- THE TASK
Start at the line with "Answer: $25 Which" in the records below, stop at the line with "Answer: $3,070 What", and return every line in that span exactly, the two end lines included.

** RECORDS FOR THE EXERCISE follows **

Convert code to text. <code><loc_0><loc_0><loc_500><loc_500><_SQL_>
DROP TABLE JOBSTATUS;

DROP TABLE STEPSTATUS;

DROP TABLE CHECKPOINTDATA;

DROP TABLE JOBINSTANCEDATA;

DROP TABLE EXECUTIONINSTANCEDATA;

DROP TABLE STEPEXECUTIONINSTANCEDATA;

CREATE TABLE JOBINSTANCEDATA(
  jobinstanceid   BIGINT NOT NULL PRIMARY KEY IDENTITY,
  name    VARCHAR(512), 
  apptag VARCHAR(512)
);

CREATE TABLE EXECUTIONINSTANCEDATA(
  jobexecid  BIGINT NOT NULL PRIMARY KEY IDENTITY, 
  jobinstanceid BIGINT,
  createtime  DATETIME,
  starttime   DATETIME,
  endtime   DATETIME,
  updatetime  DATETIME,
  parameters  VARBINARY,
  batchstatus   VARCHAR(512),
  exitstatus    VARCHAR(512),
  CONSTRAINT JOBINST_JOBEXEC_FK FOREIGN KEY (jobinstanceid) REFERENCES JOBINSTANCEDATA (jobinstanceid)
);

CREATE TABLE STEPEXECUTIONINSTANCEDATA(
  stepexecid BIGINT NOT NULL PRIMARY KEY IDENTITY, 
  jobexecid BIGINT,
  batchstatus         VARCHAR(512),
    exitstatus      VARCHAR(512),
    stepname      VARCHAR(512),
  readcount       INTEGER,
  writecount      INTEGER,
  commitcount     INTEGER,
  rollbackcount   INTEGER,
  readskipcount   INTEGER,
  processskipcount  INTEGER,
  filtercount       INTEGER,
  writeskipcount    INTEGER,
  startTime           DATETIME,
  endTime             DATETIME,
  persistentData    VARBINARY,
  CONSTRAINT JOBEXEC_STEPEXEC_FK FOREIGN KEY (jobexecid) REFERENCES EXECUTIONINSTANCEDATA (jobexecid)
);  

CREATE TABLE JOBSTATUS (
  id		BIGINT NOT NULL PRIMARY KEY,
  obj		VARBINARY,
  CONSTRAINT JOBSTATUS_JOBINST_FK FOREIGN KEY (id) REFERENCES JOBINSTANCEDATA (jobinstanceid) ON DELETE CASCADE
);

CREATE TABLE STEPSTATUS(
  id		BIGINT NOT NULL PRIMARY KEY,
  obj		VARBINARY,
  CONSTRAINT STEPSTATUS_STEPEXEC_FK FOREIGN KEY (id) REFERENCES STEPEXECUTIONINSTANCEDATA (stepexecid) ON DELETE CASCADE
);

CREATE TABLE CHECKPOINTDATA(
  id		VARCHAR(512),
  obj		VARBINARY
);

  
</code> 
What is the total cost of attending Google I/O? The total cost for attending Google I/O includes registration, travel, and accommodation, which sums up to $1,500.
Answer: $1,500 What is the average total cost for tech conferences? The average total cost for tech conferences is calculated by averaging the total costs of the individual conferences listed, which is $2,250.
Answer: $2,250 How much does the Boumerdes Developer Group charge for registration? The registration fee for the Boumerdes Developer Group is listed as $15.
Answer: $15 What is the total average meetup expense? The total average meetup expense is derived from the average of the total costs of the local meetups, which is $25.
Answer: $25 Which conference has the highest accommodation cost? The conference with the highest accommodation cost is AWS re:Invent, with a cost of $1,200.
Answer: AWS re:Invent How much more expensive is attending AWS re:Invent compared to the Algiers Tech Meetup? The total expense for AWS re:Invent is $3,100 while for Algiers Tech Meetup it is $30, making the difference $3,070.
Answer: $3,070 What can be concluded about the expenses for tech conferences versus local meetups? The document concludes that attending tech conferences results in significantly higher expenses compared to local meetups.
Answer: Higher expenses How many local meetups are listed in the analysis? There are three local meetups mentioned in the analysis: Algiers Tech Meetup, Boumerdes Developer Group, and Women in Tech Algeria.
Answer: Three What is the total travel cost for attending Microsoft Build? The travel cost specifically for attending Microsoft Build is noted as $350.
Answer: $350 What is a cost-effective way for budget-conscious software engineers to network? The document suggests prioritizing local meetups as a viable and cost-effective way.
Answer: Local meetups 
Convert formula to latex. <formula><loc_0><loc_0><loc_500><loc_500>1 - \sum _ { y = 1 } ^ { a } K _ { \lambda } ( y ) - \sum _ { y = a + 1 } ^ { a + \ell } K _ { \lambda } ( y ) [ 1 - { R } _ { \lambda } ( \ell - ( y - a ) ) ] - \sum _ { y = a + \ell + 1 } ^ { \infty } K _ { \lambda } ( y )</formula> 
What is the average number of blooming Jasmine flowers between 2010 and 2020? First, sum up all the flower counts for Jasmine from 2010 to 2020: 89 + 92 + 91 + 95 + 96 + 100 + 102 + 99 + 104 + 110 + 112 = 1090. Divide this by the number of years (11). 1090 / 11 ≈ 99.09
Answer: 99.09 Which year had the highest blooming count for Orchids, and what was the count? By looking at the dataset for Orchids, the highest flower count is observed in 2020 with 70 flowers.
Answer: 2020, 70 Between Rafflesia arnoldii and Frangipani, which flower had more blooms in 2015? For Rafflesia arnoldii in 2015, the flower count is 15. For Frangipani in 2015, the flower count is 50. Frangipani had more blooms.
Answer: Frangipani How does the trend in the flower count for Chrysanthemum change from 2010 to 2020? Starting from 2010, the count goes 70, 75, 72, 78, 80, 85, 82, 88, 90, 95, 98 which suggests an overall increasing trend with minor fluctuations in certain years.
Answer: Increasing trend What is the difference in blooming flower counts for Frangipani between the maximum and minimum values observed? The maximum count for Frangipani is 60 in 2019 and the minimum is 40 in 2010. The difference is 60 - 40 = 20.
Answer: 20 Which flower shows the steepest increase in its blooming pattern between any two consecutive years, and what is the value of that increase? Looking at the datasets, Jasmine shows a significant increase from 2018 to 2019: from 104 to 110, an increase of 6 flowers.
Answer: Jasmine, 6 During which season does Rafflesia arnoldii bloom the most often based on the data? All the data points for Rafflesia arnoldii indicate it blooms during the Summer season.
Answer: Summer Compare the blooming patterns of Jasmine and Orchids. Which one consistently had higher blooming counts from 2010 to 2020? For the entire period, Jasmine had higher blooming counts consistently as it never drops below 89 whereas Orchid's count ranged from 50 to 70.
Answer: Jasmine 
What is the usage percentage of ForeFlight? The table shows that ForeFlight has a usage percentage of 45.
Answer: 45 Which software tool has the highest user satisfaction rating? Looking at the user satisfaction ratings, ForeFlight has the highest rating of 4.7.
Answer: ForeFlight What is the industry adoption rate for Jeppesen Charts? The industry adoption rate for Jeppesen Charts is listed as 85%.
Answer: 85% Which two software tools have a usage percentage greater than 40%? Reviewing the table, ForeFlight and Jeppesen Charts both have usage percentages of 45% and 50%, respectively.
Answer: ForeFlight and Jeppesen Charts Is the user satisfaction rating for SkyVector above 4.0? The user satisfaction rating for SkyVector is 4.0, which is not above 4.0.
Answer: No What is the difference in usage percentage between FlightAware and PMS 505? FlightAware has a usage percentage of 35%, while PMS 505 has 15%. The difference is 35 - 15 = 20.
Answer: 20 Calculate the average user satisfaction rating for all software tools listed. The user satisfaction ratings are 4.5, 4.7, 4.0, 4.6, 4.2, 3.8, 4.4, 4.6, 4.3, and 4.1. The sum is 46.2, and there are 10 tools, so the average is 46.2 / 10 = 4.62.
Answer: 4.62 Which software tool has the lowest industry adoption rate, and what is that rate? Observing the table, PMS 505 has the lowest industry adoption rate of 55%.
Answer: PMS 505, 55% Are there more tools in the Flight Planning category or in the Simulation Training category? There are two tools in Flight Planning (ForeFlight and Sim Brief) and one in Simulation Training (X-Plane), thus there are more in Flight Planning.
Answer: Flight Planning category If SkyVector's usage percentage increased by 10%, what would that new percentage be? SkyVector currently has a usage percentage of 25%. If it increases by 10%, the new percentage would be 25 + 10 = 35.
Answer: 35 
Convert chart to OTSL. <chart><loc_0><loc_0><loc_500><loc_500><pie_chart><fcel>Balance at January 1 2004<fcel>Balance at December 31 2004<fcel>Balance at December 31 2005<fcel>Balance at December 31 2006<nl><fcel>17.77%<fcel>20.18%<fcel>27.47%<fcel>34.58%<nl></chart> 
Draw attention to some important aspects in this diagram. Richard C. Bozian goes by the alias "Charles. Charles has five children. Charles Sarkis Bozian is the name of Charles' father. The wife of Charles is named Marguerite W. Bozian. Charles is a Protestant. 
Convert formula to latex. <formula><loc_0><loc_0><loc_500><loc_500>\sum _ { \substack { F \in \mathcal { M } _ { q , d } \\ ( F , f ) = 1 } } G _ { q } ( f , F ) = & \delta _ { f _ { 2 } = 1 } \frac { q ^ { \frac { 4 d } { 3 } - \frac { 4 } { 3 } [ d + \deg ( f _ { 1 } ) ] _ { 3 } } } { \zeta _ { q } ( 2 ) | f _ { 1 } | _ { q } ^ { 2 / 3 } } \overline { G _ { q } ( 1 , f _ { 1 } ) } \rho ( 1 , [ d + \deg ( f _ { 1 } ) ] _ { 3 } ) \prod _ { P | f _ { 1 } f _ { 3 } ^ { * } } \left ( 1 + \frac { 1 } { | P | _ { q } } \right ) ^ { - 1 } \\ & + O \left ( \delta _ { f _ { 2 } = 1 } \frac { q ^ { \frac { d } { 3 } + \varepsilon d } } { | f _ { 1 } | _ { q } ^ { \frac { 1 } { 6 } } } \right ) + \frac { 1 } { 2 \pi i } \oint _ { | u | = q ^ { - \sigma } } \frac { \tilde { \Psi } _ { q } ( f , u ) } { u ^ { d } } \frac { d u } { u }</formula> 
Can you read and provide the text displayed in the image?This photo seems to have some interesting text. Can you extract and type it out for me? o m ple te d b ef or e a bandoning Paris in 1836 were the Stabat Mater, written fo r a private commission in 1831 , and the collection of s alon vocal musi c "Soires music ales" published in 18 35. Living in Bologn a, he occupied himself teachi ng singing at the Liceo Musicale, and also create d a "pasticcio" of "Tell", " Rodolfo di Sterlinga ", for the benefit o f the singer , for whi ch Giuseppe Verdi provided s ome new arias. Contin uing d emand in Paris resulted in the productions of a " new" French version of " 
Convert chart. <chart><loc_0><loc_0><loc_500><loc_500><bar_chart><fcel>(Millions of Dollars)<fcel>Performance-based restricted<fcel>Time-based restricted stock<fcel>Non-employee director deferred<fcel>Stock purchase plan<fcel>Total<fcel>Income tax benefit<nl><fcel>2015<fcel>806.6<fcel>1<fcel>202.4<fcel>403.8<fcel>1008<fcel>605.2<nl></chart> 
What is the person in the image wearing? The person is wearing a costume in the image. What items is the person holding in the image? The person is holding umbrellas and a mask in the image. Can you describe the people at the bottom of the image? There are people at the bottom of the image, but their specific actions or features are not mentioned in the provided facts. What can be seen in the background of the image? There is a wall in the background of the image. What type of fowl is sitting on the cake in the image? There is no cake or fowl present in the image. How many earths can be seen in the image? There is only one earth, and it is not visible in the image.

** End of RECORDS FOR THE EXERCISE **

- EXERCISE SOLUTION
Answer: $25 Which conference has the highest accommodation cost? The conference with the highest accommodation cost is AWS re:Invent, with a cost of $1,200.
Answer: AWS re:Invent How much more expensive is attending AWS re:Invent compared to the Algiers Tech Meetup? The total expense for AWS re:Invent is $3,100 while for Algiers Tech Meetup it is $30, making the difference $3,070.
Answer: $3,070 What can be concluded about the expenses for tech conferences versus local meetups? The document concludes that attending tech conferences results in significantly higher expenses compared to local meetups.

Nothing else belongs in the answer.